Tuesday, August 8, 2017

Crisalida - Salvador Dali and the Game Changing Drug





Dali's Crisalida Installation







 Like most folks I'd never heard of the drug Miltown, and was never aware of a Salvador Dali painting entitled Crisalida that promoted this drug.

The pharmaceutical name is Meprobamate  invented by Frank Berger in the 40s and marketed as Miltown by Wallace Laboratories and Equanil by Wyeth including many other companies. It was the most popular minor tranquilizer but was replaced by the benzodiazepines, and all the others existing today such as Zoloft, Valium,  Flurazepam, Clonazepam, Diazepam just to name a few.


What was very curious, was that Salvador Dali's wife, Gala, frequently used this sedative/tranquilizer, and  was coined one of the many "Miltown Wives". She came up with the idea of approaching the pharmaceutical company, urging them to commission her husband Salvador to create a painting championing the great advantages of using Meprobamate to cope with anxiety.
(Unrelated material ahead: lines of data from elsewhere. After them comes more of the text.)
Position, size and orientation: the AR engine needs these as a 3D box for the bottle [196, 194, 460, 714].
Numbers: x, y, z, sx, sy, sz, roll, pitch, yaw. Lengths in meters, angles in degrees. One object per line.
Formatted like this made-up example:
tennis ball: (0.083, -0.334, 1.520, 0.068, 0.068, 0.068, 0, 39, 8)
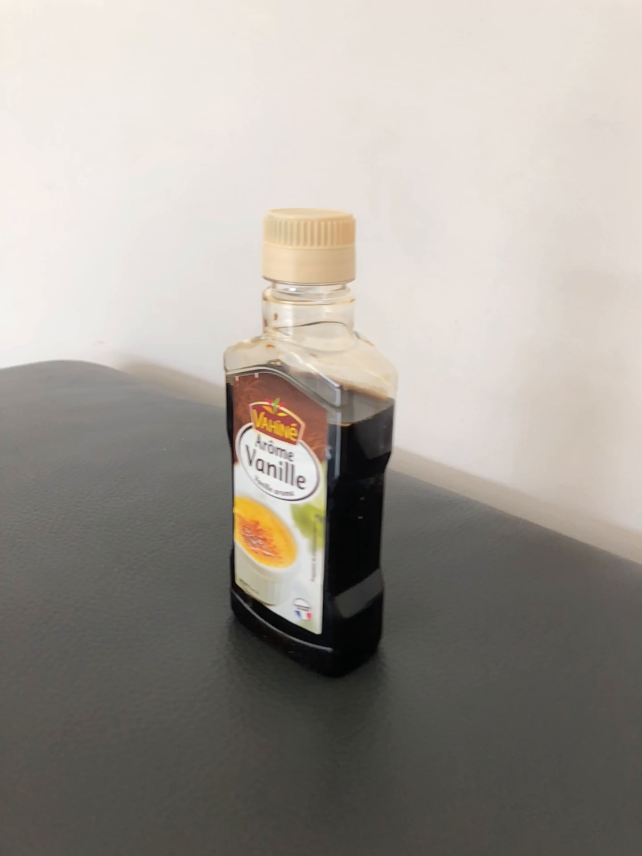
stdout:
bottle: (-0.002, 0.007, 0.243, 0.070, 0.159, 0.040, 20, 28, 36)
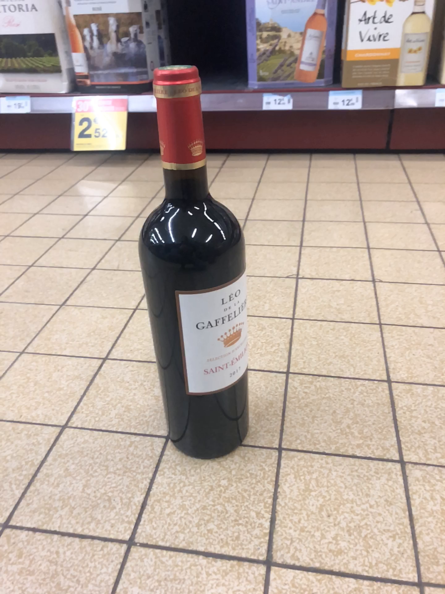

I found this information today after listening to a compelling CBC Radio Summer series "On Drugs"hosted by Geoff Turner. The episode was all about a drug called Miltown. This drug dramatically changed the face of North American culture by normalizing the regular use of pharmaceuticals in order to find relief from the malaise of anxiety and sleepless nights, etc. Needless to say there was a load of profit made and continues to be the case with big pharmaceutical companies, that have become like legalized drug pushers.

After listening to this interesting program On Drugs today, I went on the big Google hunt to find out about this elusive painting by Dali and came across a blog site by a book collector of Salvador Dali's art work.


Aldous Huxley once predicted that in the future there would be many chemicals developed  "capable of changing the quality of human consciousness." This may be true but unfortunately in my opinion it hasn't been generally, for the better.